Look through the material for lines with the word "matte", and copy each one.

++++ MATERIAL FOR THIS EXERCISE ++++

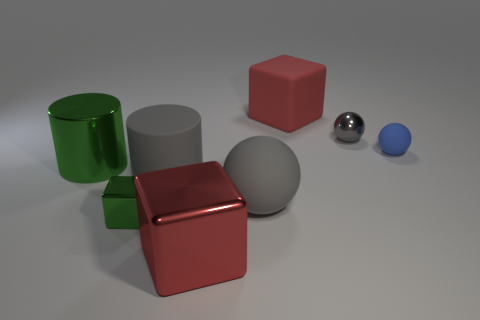The gray ball on the left side of the cube behind the small gray metallic sphere is made of what material?
Offer a terse response. Rubber. Are the large gray cylinder and the sphere to the right of the tiny gray metal object made of the same material?
Keep it short and to the point. Yes. The ball that is behind the big green object and in front of the gray metal thing is made of what material?
Offer a terse response. Rubber. The small thing in front of the matte sphere left of the big red matte object is what color?
Offer a very short reply. Green. There is a block that is to the left of the gray rubber cylinder; what is it made of?
Your answer should be very brief. Metal. Are there fewer large green metal cylinders than small gray rubber cubes?
Make the answer very short. No. Do the tiny gray thing and the blue matte thing behind the small green shiny object have the same shape?
Provide a succinct answer. Yes. What is the shape of the metal thing that is both to the left of the large rubber cube and to the right of the small metallic cube?
Make the answer very short. Cube. Are there the same number of metallic blocks that are right of the tiny blue object and red blocks to the left of the big gray sphere?
Keep it short and to the point. No. There is a big object that is behind the tiny matte ball; is it the same shape as the large red shiny thing?
Make the answer very short. Yes. 
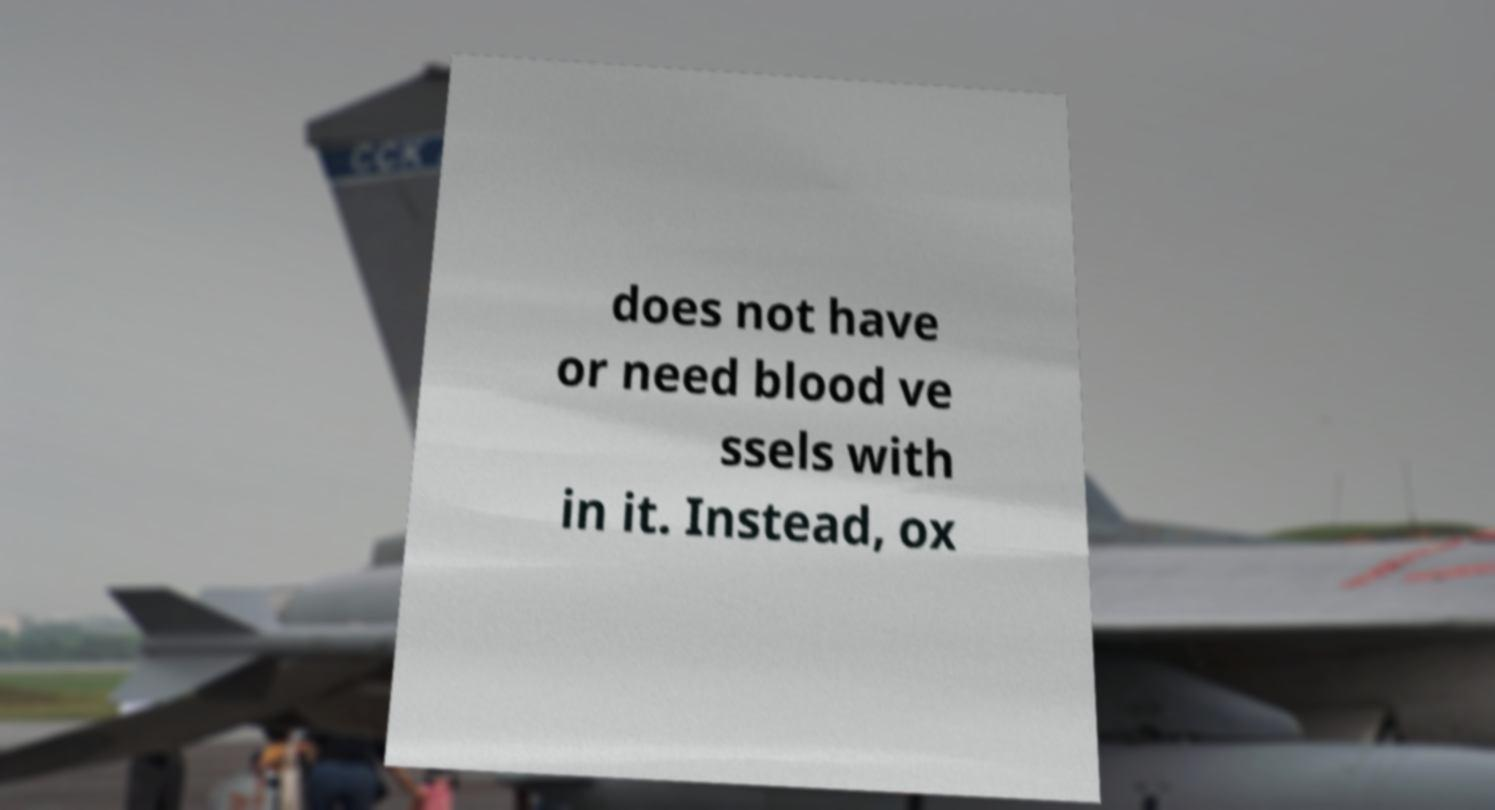Please read and relay the text visible in this image. What does it say? does not have or need blood ve ssels with in it. Instead, ox 
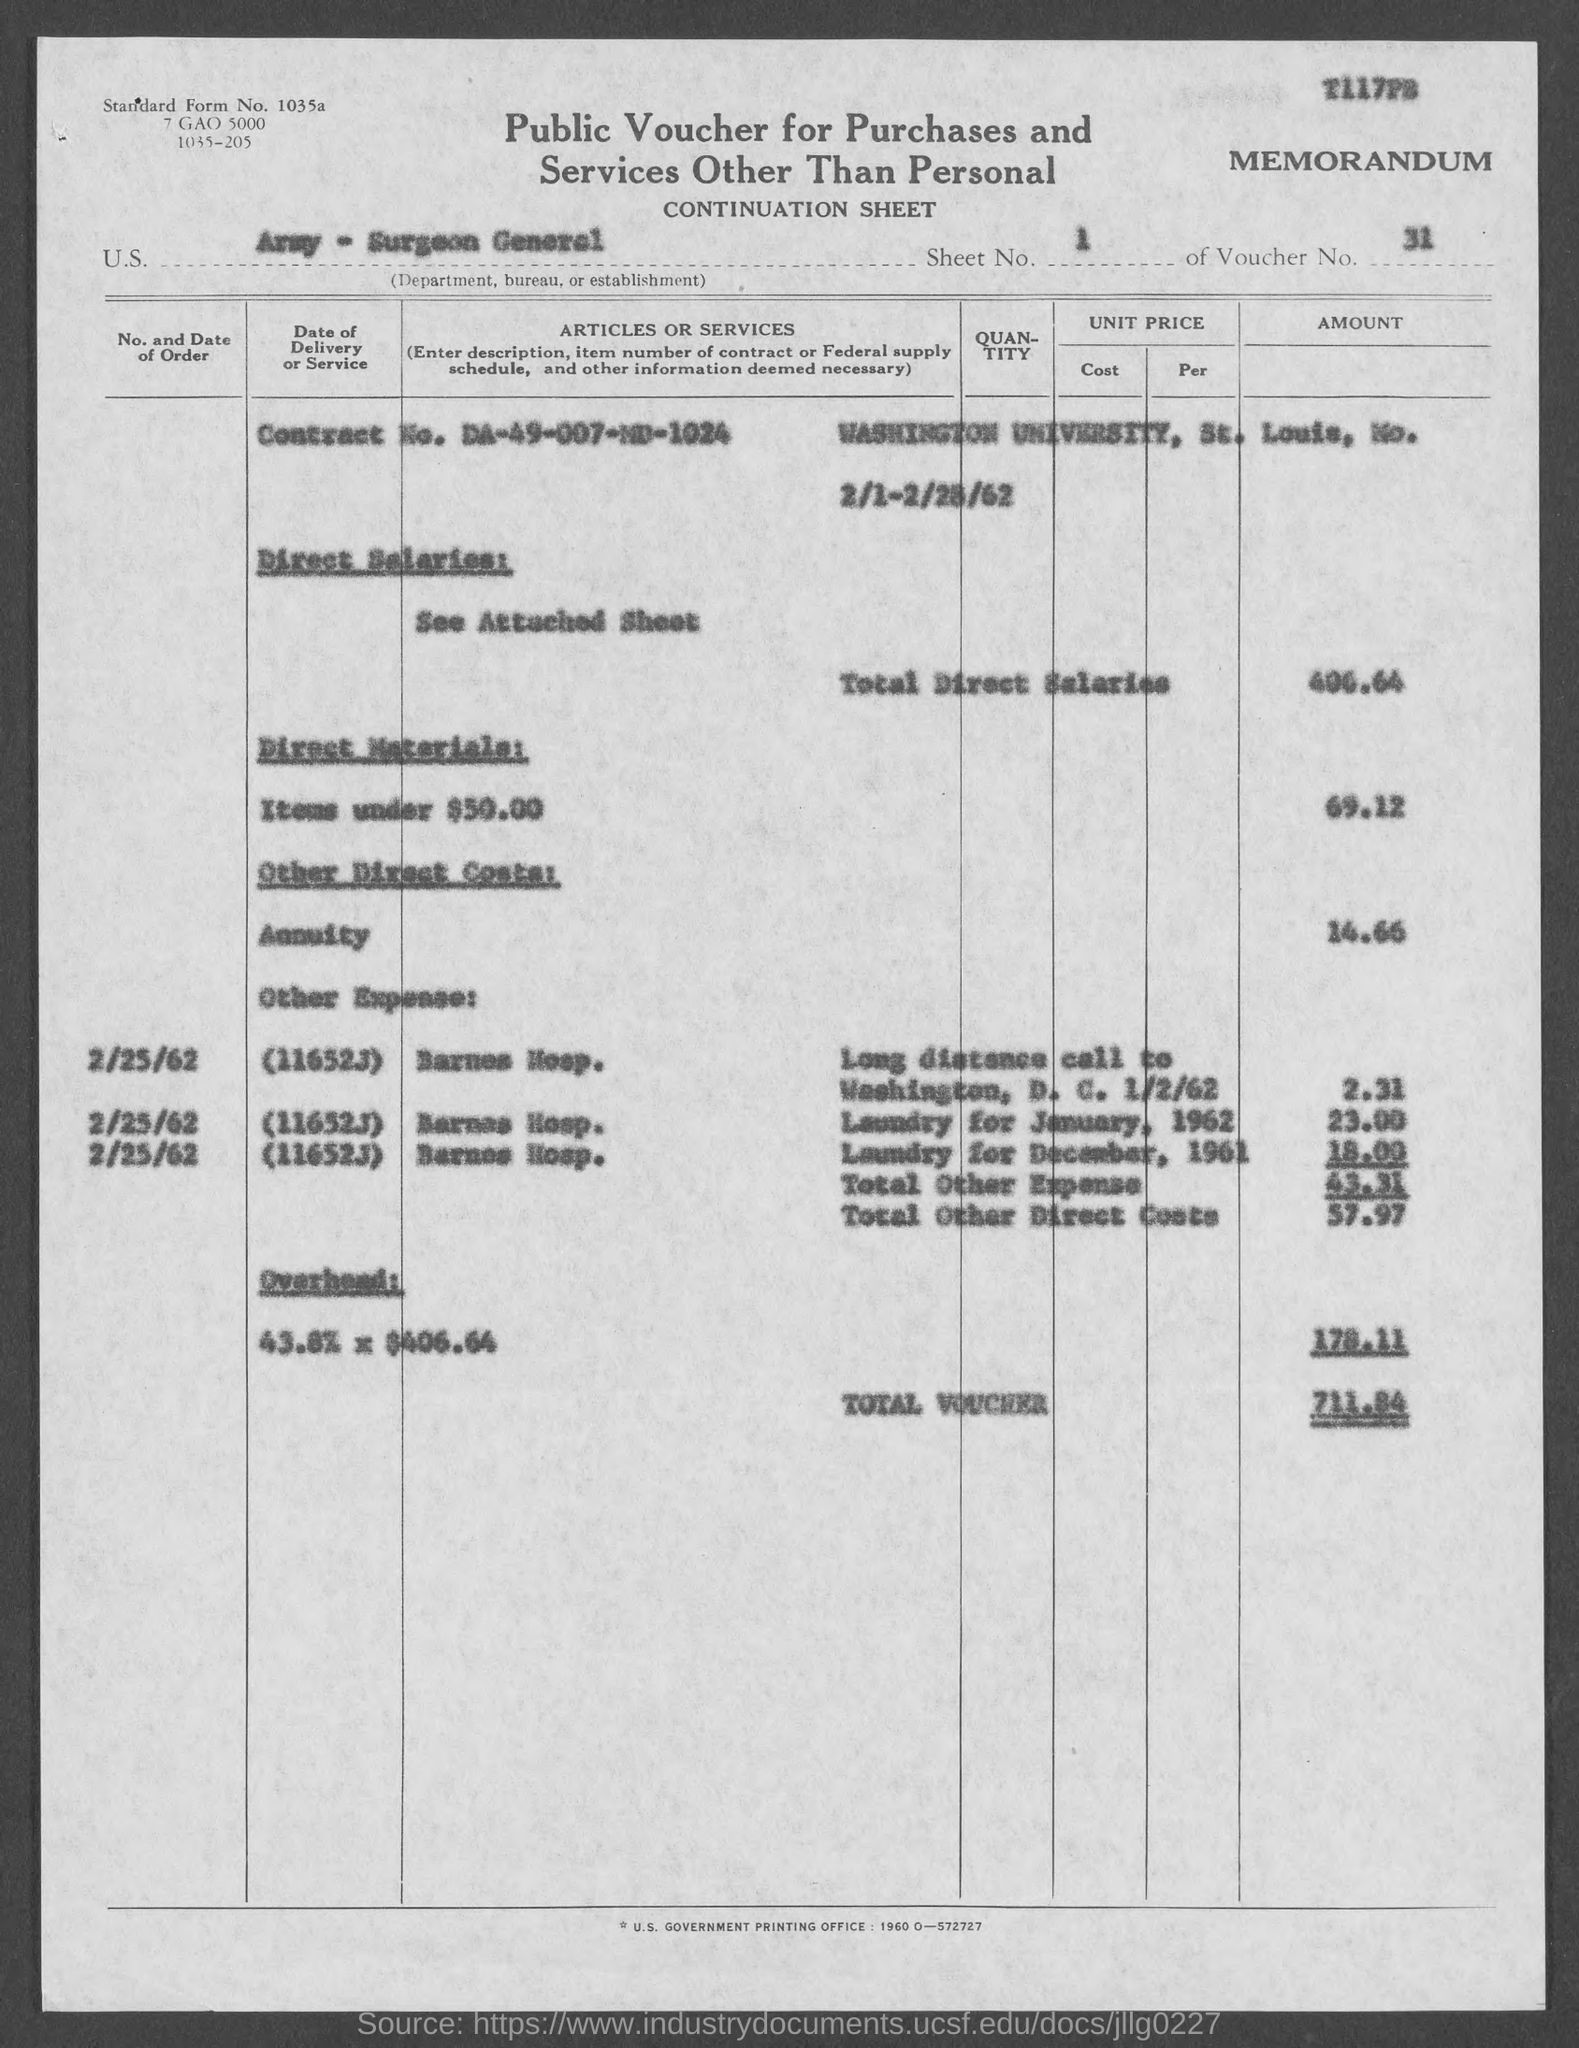What is the document title?
Your answer should be compact. Public Voucher for Purchases and Services Other Than Personal. What is the standard form no.?
Your answer should be very brief. 1035a. What is the sheet no.?
Your answer should be very brief. 1. What is the voucher number?
Keep it short and to the point. 31. What is the total voucher?
Give a very brief answer. 711.84. 
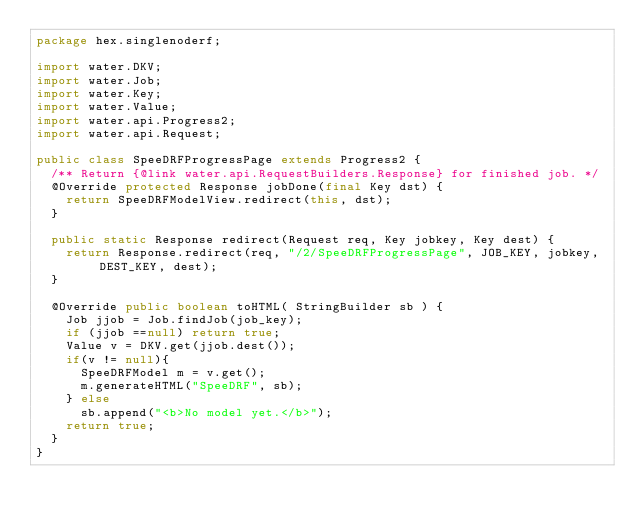Convert code to text. <code><loc_0><loc_0><loc_500><loc_500><_Java_>package hex.singlenoderf;

import water.DKV;
import water.Job;
import water.Key;
import water.Value;
import water.api.Progress2;
import water.api.Request;

public class SpeeDRFProgressPage extends Progress2 {
  /** Return {@link water.api.RequestBuilders.Response} for finished job. */
  @Override protected Response jobDone(final Key dst) {
    return SpeeDRFModelView.redirect(this, dst);
  }

  public static Response redirect(Request req, Key jobkey, Key dest) {
    return Response.redirect(req, "/2/SpeeDRFProgressPage", JOB_KEY, jobkey, DEST_KEY, dest);
  }

  @Override public boolean toHTML( StringBuilder sb ) {
    Job jjob = Job.findJob(job_key);
    if (jjob ==null) return true;
    Value v = DKV.get(jjob.dest());
    if(v != null){
      SpeeDRFModel m = v.get();
      m.generateHTML("SpeeDRF", sb);
    } else
      sb.append("<b>No model yet.</b>");
    return true;
  }
}
</code> 
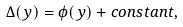Convert formula to latex. <formula><loc_0><loc_0><loc_500><loc_500>\Delta ( y ) = \phi ( y ) + c o n s t a n t ,</formula> 
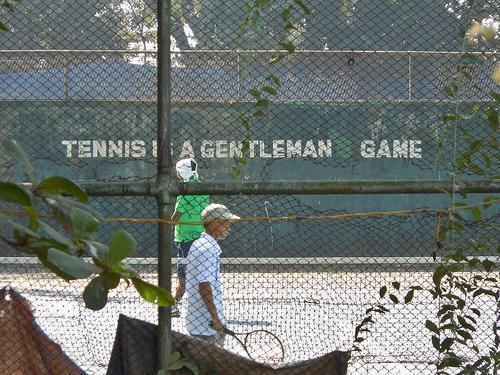How many people are on the court?
Give a very brief answer. 2. How many full words are on the wall to the left of the verticle fence post?
Give a very brief answer. 1. 
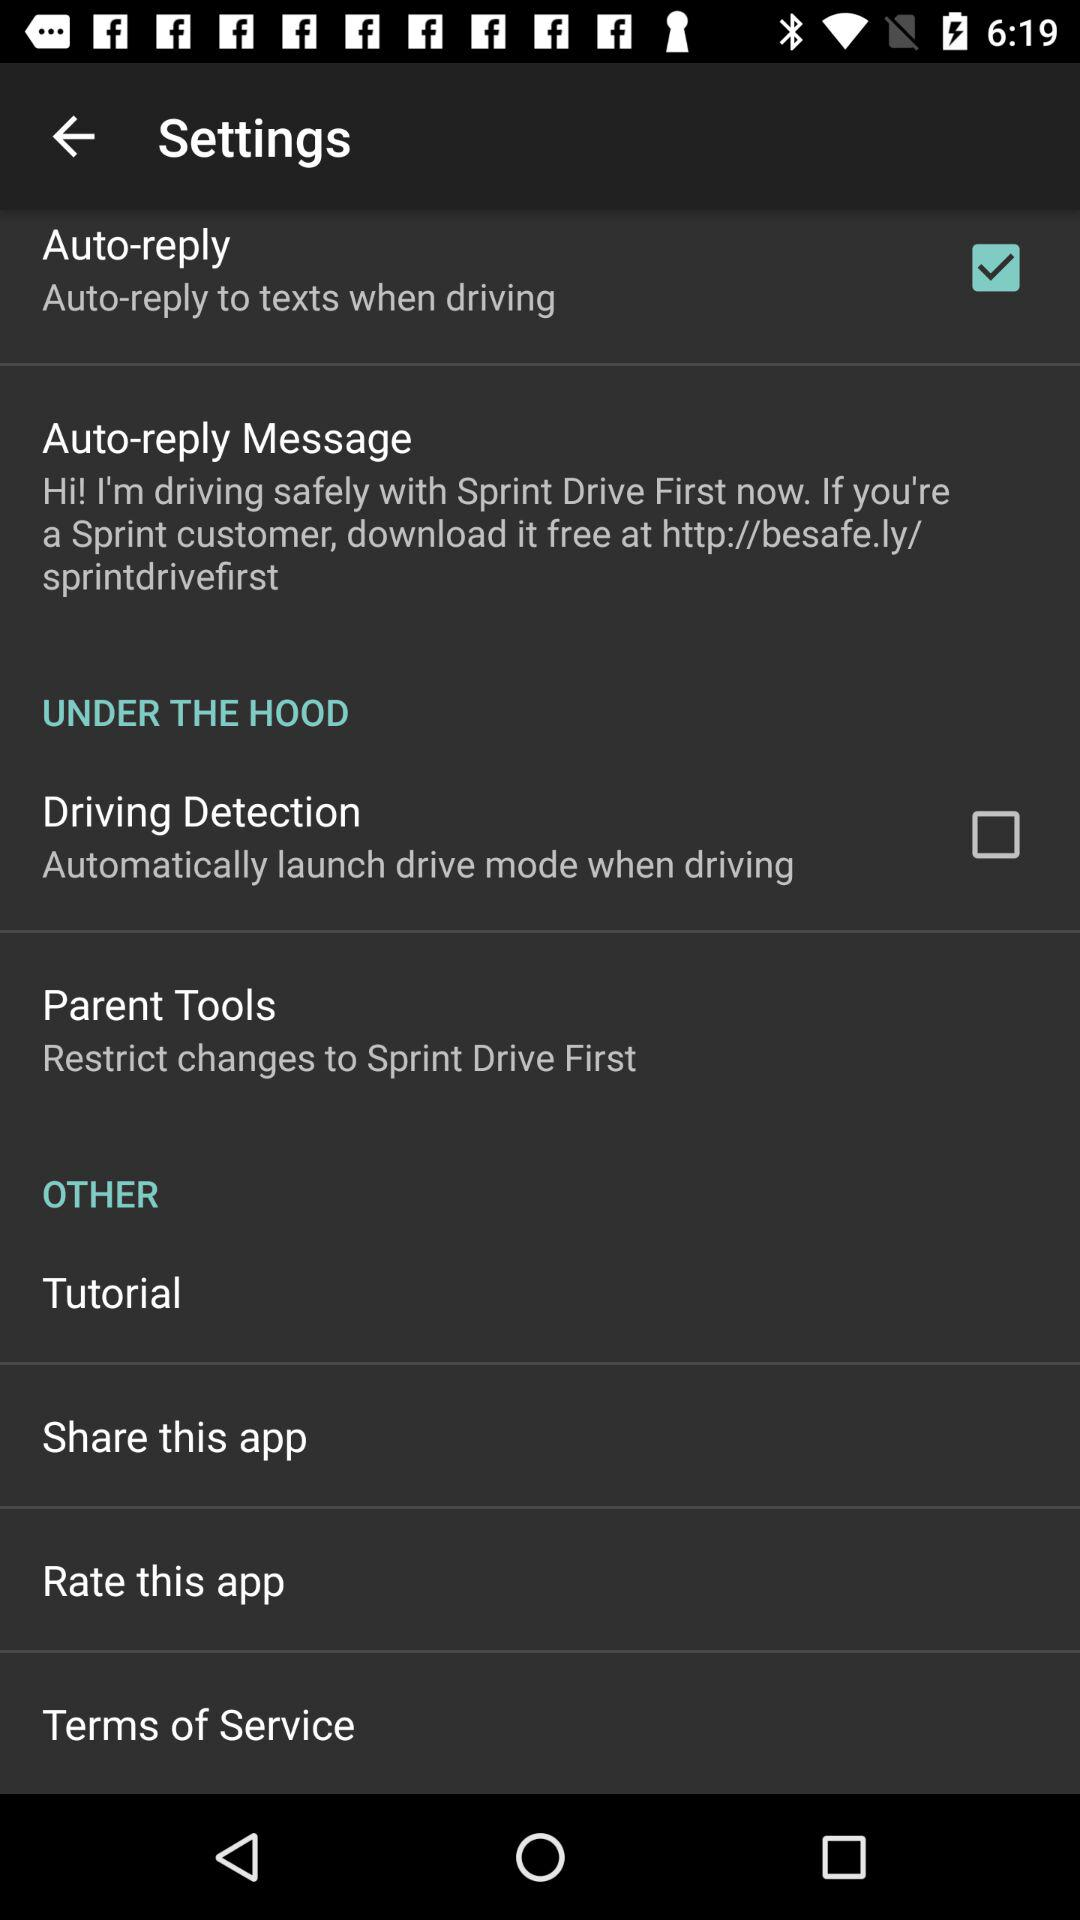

++++

PROBLEM SOLUTION>
Offer a terse response. Rubber. The small thing in front of the matte sphere left of the big red matte object is what color?
Make the answer very short. No. Do the tiny gray thing and the blue matte thing behind the small green shiny object have the same shape?
Keep it short and to the point. No. There is a big object that is behind the tiny matte ball; is it the same shape as the large red shiny thing?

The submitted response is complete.